Gingrich grew his hair long, emulating the style of the counter­culture that he secretly yearned to join. In 1974, as the Vietnam War drew to a close, the ambitious draft dodger entered politics, attempting to win a congressional seat in a suburban Atlanta district populated by conservative whites who fled the city when its public institutions and neighborhoods were desegregated.

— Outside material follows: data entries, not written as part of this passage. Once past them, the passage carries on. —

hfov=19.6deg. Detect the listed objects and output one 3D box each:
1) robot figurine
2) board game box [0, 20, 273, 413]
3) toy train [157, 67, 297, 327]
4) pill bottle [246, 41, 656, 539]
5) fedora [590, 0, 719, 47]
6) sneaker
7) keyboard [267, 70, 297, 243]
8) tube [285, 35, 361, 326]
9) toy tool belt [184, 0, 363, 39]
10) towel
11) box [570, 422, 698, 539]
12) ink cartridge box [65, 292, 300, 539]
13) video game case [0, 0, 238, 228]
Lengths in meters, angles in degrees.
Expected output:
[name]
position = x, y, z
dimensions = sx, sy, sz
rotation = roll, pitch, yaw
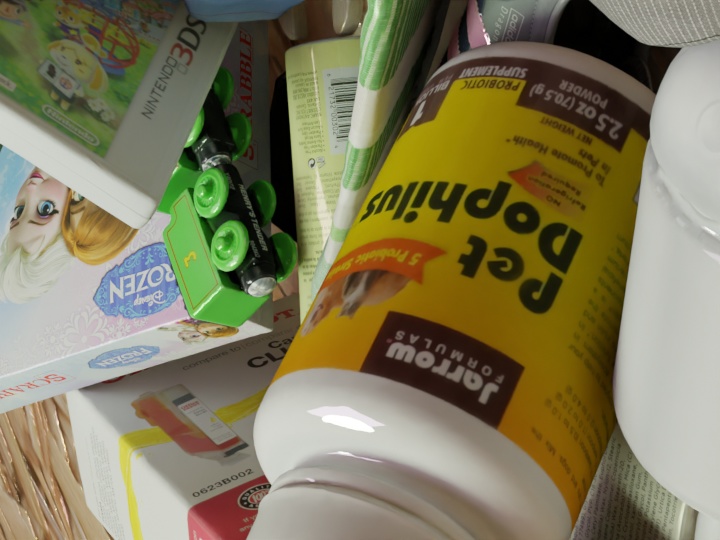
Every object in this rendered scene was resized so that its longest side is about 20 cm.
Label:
[robot figurine]
position = 0.136, -0.002, 0.613
dimensions = 0.170, 0.112, 0.201
rotation = -111, 18, -49
[board game box]
position = -0.131, -0.045, 1.041
dimensions = 0.199, 0.041, 0.201
rotation = -18, 63, 34
[toy train]
position = -0.081, -0.061, 0.954
dimensions = 0.056, 0.042, 0.201
rotation = -45, 51, 30
[pill bottle]
position = 0.035, 0.029, 0.691
dimensions = 0.109, 0.201, 0.109
rotation = 20, 150, 12
[fedora]
position = 0.113, -0.132, 0.551
dimensions = 0.090, 0.200, 0.177
rotation = 46, -164, -17
[sneaker]
position = 0.068, -0.063, 0.771
dimensions = 0.082, 0.070, 0.201
rotation = 54, 153, 32
[keyboard]
position = 0.019, -0.013, 0.964
dimensions = 0.200, 0.039, 0.105
rotation = 39, 125, 45
[tube]
position = 0.000, 0.000, 0.915
dimensions = 0.058, 0.052, 0.201
rotation = -12, 83, 60
[toy tool belt]
position = -0.035, -0.148, 0.875
dimensions = 0.200, 0.124, 0.124
rotation = 141, 118, -65
[towel]
position = 0.019, -0.101, 0.790
dimensions = 0.023, 0.153, 0.201
rotation = 19, 139, 5
[box]
position = 0.079, 0.058, 0.797
dimensions = 0.200, 0.068, 0.083
rotation = 34, 126, 48
[ink cartridge box]
position = -0.040, 0.101, 1.020
dimensions = 0.200, 0.144, 0.084
rotation = 35, 139, 53
[video game case]
position = -0.150, -0.127, 0.887
dimensions = 0.022, 0.199, 0.182
rotation = -49, 15, 35
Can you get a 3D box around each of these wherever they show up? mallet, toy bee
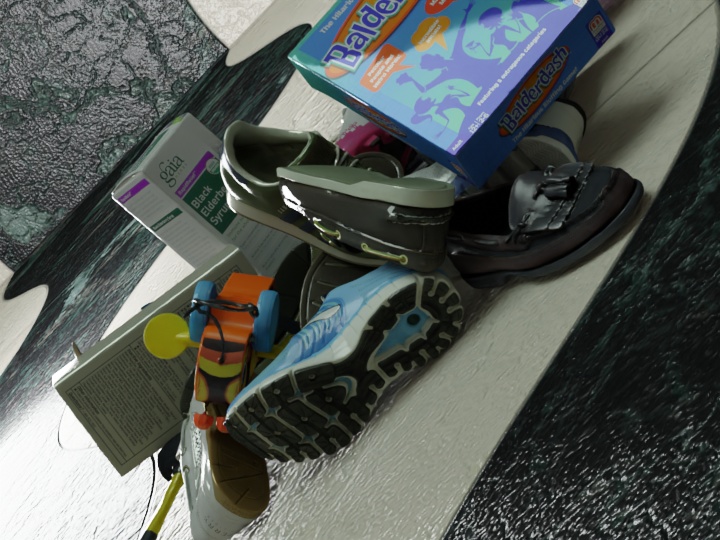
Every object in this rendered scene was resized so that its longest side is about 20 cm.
[{"bbox_3d":[-0.174,0.213,1.538,0.066,0.041,0.200,-31,26,56],"label":"mallet"},{"bbox_3d":[-0.108,0.063,1.416,0.200,0.131,0.109,-5,-74,-64],"label":"toy bee"}]

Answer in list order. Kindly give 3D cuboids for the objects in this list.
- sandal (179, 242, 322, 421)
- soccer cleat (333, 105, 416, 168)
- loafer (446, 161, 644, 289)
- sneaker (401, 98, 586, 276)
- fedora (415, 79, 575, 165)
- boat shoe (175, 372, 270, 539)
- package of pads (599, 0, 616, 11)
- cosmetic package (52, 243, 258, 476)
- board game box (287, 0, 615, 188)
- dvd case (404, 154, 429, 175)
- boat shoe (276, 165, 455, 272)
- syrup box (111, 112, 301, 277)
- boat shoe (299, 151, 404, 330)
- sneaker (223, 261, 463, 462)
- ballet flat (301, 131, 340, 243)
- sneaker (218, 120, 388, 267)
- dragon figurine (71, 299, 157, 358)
[{"bbox_3d":[-0.071,0.064,1.574,0.201,0.080,0.057,-51,-12,-19],"label":"sandal"},{"bbox_3d":[0.012,-0.127,1.665,0.086,0.070,0.200,14,48,34],"label":"soccer cleat"},{"bbox_3d":[0.111,-0.036,1.271,0.072,0.063,0.200,-55,15,-26],"label":"loafer"},{"bbox_3d":[0.100,-0.074,1.403,0.199,0.081,0.115,-27,21,40],"label":"sneaker"},{"bbox_3d":[0.103,-0.147,1.471,0.200,0.177,0.090,-32,49,18],"label":"fedora"},{"bbox_3d":[-0.114,0.137,1.453,0.069,0.071,0.200,-50,20,24],"label":"boat shoe"},{"bbox_3d":[0.123,-0.222,1.576,0.200,0.121,0.076,-43,34,-3],"label":"package of pads"},{"bbox_3d":[-0.160,0.076,1.632,0.200,0.104,0.073,-36,9,-6],"label":"cosmetic package"},{"bbox_3d":[0.062,-0.164,1.355,0.152,0.045,0.200,-50,47,-7],"label":"board game box"},{"bbox_3d":[0.052,-0.101,1.711,0.200,0.025,0.150,-41,15,24],"label":"dvd case"},{"bbox_3d":[-0.003,-0.041,1.354,0.201,0.072,0.061,16,107,58],"label":"boat shoe"},{"bbox_3d":[-0.121,-0.043,1.717,0.079,0.200,0.081,-55,15,-29],"label":"syrup box"},{"bbox_3d":[0.000,0.000,1.533,0.068,0.072,0.200,92,-165,-55],"label":"boat shoe"},{"bbox_3d":[-0.013,0.061,1.352,0.200,0.078,0.090,-36,26,11],"label":"sneaker"},{"bbox_3d":[-0.024,-0.073,1.682,0.067,0.064,0.200,-35,19,42],"label":"ballet flat"},{"bbox_3d":[-0.027,-0.065,1.482,0.067,0.200,0.090,-60,-25,-29],"label":"sneaker"},{"bbox_3d":[-0.179,0.067,1.728,0.059,0.200,0.100,116,149,-41],"label":"dragon figurine"}]
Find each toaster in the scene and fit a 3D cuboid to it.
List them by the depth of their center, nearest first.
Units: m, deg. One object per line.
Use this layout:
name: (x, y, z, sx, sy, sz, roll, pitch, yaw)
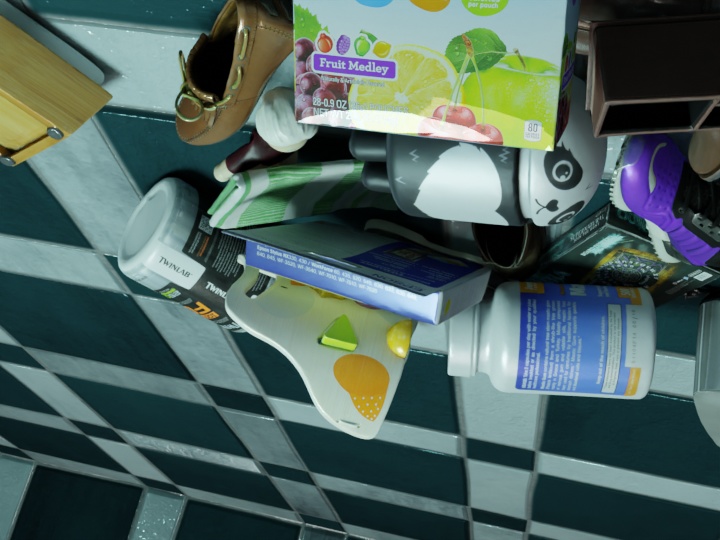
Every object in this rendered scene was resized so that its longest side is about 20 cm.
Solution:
toaster: (0.437, 0.106, 1.012, 0.198, 0.120, 0.181, 0, 151, 30)

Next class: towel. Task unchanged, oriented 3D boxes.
towel: (-0.033, -0.073, 0.907, 0.197, 0.024, 0.152, -6, 170, -20)

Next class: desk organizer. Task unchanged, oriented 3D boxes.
desk organizer: (0.244, -0.109, 0.606, 0.197, 0.078, 0.072, -2, 139, 9)

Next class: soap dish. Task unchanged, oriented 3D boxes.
soap dish: (-0.354, -0.184, 0.911, 0.156, 0.082, 0.199, -12, 143, 45)

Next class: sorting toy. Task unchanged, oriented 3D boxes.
sorting toy: (-0.047, 0.043, 0.969, 0.178, 0.201, 0.108, 23, 112, -10)

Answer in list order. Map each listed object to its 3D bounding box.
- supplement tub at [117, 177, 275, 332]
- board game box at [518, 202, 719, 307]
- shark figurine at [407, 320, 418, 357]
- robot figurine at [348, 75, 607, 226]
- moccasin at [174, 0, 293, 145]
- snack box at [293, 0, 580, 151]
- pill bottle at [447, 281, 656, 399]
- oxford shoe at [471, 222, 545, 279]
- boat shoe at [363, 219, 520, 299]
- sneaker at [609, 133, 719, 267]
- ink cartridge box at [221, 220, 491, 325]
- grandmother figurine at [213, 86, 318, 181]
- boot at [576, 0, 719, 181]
supplement tub: (-0.165, -0.009, 1.119, 0.199, 0.124, 0.122, 31, 151, -30)
board game box: (0.256, 0.002, 1.006, 0.134, 0.028, 0.200, 22, 155, -12)
shark figurine: (0.035, 0.041, 1.174, 0.088, 0.130, 0.214, 22, 179, 4)
robot figurine: (0.094, -0.098, 0.774, 0.197, 0.127, 0.150, 6, -171, 19)
moccasin: (-0.116, -0.162, 0.805, 0.077, 0.075, 0.201, -8, 170, -32)
snack box: (0.045, -0.183, 0.572, 0.166, 0.068, 0.203, 8, 115, 18)
pill bottle: (0.188, 0.068, 0.985, 0.197, 0.114, 0.112, 3, 154, 5)
oxford shoe: (0.136, -0.033, 0.941, 0.072, 0.085, 0.200, 4, 155, 18)
boat shoe: (0.086, 0.012, 1.059, 0.198, 0.063, 0.073, 24, 158, 4)
sneaker: (0.278, -0.057, 0.800, 0.099, 0.070, 0.200, 17, 170, 39)
ink cartridge box: (0.000, 0.000, 0.900, 0.195, 0.048, 0.200, 18, -165, 21)
grandmother figurine: (-0.072, -0.113, 0.865, 0.061, 0.121, 0.200, 46, 168, -4)
boot: (0.185, -0.149, 0.688, 0.197, 0.065, 0.188, 10, 142, 4)

Appealing to the backlash sensibility of these voters, Gingrich declared the “Great Society countercultural model” his nemesis and their enemy.

Initially, Gingrich proved a lackluster politician, losing his first bid for the House. His campaign scheduler offered a candid assessment of the candidate’s failures: “We would have won if we could have kept him out of the office and screwing [a young campaign staffer] on his desk.” Gingrich was married at the time to his former high school geometry teacher, Jackie Battley, seven years his senior, whom he married when he was nineteen years old. Soon after his first extramarital tryst, Gingrich became involved with another woman, Ann Manning, who was also married. Manning said of her encounters with Gingrich, “We had oral sex. He prefers that modus operandi because then he can say, ‘I never slept with her.’” In 1978, Gingrich was finally elected to the House of Representatives. A year earlier, he had divorced Battley, serving her papers while she lay in bed recovering from cancer surgery. “She wasn’t pretty enough to be first lady,” he later remarked of his ex-wife. Gingrich refused to pay alimony or offer child support for his two children, forcing Battley’s church to take up a collection for her. In 1981, he married the mistress he had left her for, Marianne Ginther.

Within the Congress, Gingrich immediately fell under the influence of the Republican whip, Dick Cheney. Cheney, who had been President Gerald Ford’s White House chief of staff and was granted deference among House Republicans, acted as the hidden hand promoting Gingrich’s rise. Gingrich’s staff soon ginned up a whisper campaign falsely accusing Speaker of the House Tom Foley, a Democrat, of being a closet homosexual. Gingrich stoked yet another manufactured scandal over some House members’ supposed abuse of their credit union, and this attack inadvertently led to the resignation of several Republicans and also tainted the House as a whole as corrupt. Gingrich was willing to sacrifice even close allies in his own party to advance his cause and ambition. The bodies of others were rungs on his ladder.